Structure and Mechanisms of Nad (P): Quinone Reductase
Amzel, L. Mario   
Johns Hopkins University, Baltimore, MD, United States

Quinone reductase (QR1), a cytosolic FAD-containing flavoprotein, is induced as part of the chemoprotective phase II enzymes by many xenobiotics. It is widely distributed in mammalian tissues where it plays a major role in the detoxication of quinones and their metabolic precursors by promoting the obligatory two-electron reductions of many quinones to hydroquinones. In addition to its role in the detoxification of dietary quinones, the enzyme has been shown to catalyze the reductive activation of quinolic cancer chemotherapeutic compounds. Since QR1 expression is enhanced expression in certain tumors, particularly lung carcinoma, colon, liver, and breast tumors, and non-small cell lung cancer, it represents an ideal target for the development of cancer chemotherapeutic compounds. As part of this project we carried out structural and biochemical studies that provided the first major insight into the mechanism of the enzyme: we determined the structures of several QRs and proposed the mechanism that is widely accepted in the field.
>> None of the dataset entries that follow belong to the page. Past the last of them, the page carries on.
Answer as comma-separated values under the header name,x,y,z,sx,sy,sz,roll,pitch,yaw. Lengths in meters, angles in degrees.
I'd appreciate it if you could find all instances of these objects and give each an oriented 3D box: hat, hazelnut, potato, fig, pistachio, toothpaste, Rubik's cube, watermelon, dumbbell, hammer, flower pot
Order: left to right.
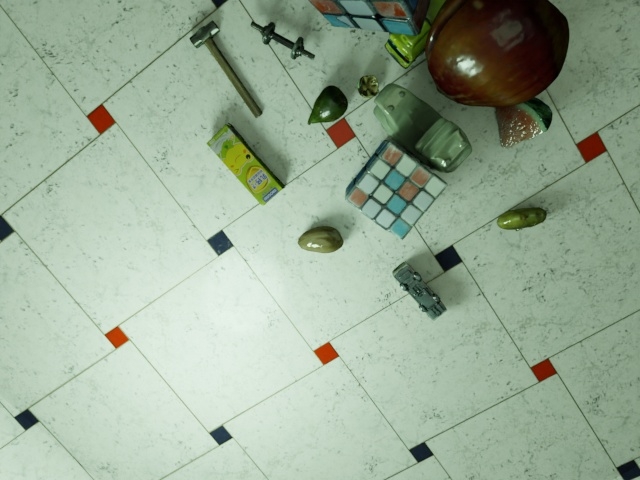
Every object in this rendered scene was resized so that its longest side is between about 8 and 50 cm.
name,x,y,z,sx,sy,sz,roll,pitch,yaw
hammer,-0.333,-0.623,1.505,0.111,0.043,0.365,-33,102,9
toothpaste,-0.287,-0.292,1.561,0.110,0.077,0.327,-40,99,11
dumbbell,-0.134,-0.716,1.447,0.254,0.081,0.081,27,104,-4
pistachio,0.000,0.000,1.609,0.186,0.126,0.108,1,61,6
fig,0.016,-0.482,1.491,0.177,0.117,0.117,-35,100,21
hat,0.171,-0.563,1.481,0.076,0.059,0.077,-12,109,-11
Rubik's cube,0.152,-0.861,1.194,0.363,0.359,0.362,22,98,28
Rubik's cube,0.260,-0.190,1.465,0.253,0.256,0.259,38,103,-6
flower pot,0.346,-0.393,1.414,0.368,0.254,0.164,38,103,-5
hazelnut,0.550,-0.590,1.244,0.402,0.429,0.402,-1,89,43
watermelon,0.711,-0.443,1.454,0.207,0.136,0.202,25,98,12
potato,0.777,-0.083,1.548,0.188,0.105,0.085,-10,85,-7

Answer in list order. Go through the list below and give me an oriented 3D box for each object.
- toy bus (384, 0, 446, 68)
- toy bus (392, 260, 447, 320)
name,x,y,z,sx,sy,sz,roll,pitch,yaw
toy bus,0.354,-0.735,1.380,0.262,0.150,0.128,-44,96,12
toy bus,0.398,0.199,1.632,0.092,0.106,0.268,-41,101,11

In addition, we analyzed the complexes of several cancer chemotherapeutic prodrugs with QR1 and inferred tentative rules that can be used to design new compounds with improved characteristics. This project deals with the two aspects of QR1 physiology: chemotherapy and chemoprotection. Our studies on QR biochemistry are focusing on the activation of chemotherapeutic compounds as understanding the mechanism and the specificity of the enzyme has a direct impact on the development of more effective compounds. We propose to continue our studies to elucidate the mechanism of QR1, to characterize the specificity of QR1 for chemotherapeutic agents, and to complete the elucidation of the function and the mechanism of QR2. Chemoprotection by QR is part of the coordinated response that involves the induction of phase II enzymes. As induction of chemoprotection enzymes is the stage of this important process most amenable for therapeutic interventions, our studies in this area will focus on the mechanism of induction. One protein, Keap1, is thought to be the chemical sensor that initiates the response of oxidative stress. We propose to study this protein as well as its complexes with its partner protein Nrf2 to explore the primary chemical mechanism by which inducers trigger the release of Nrf2 from inactivation by Keap1.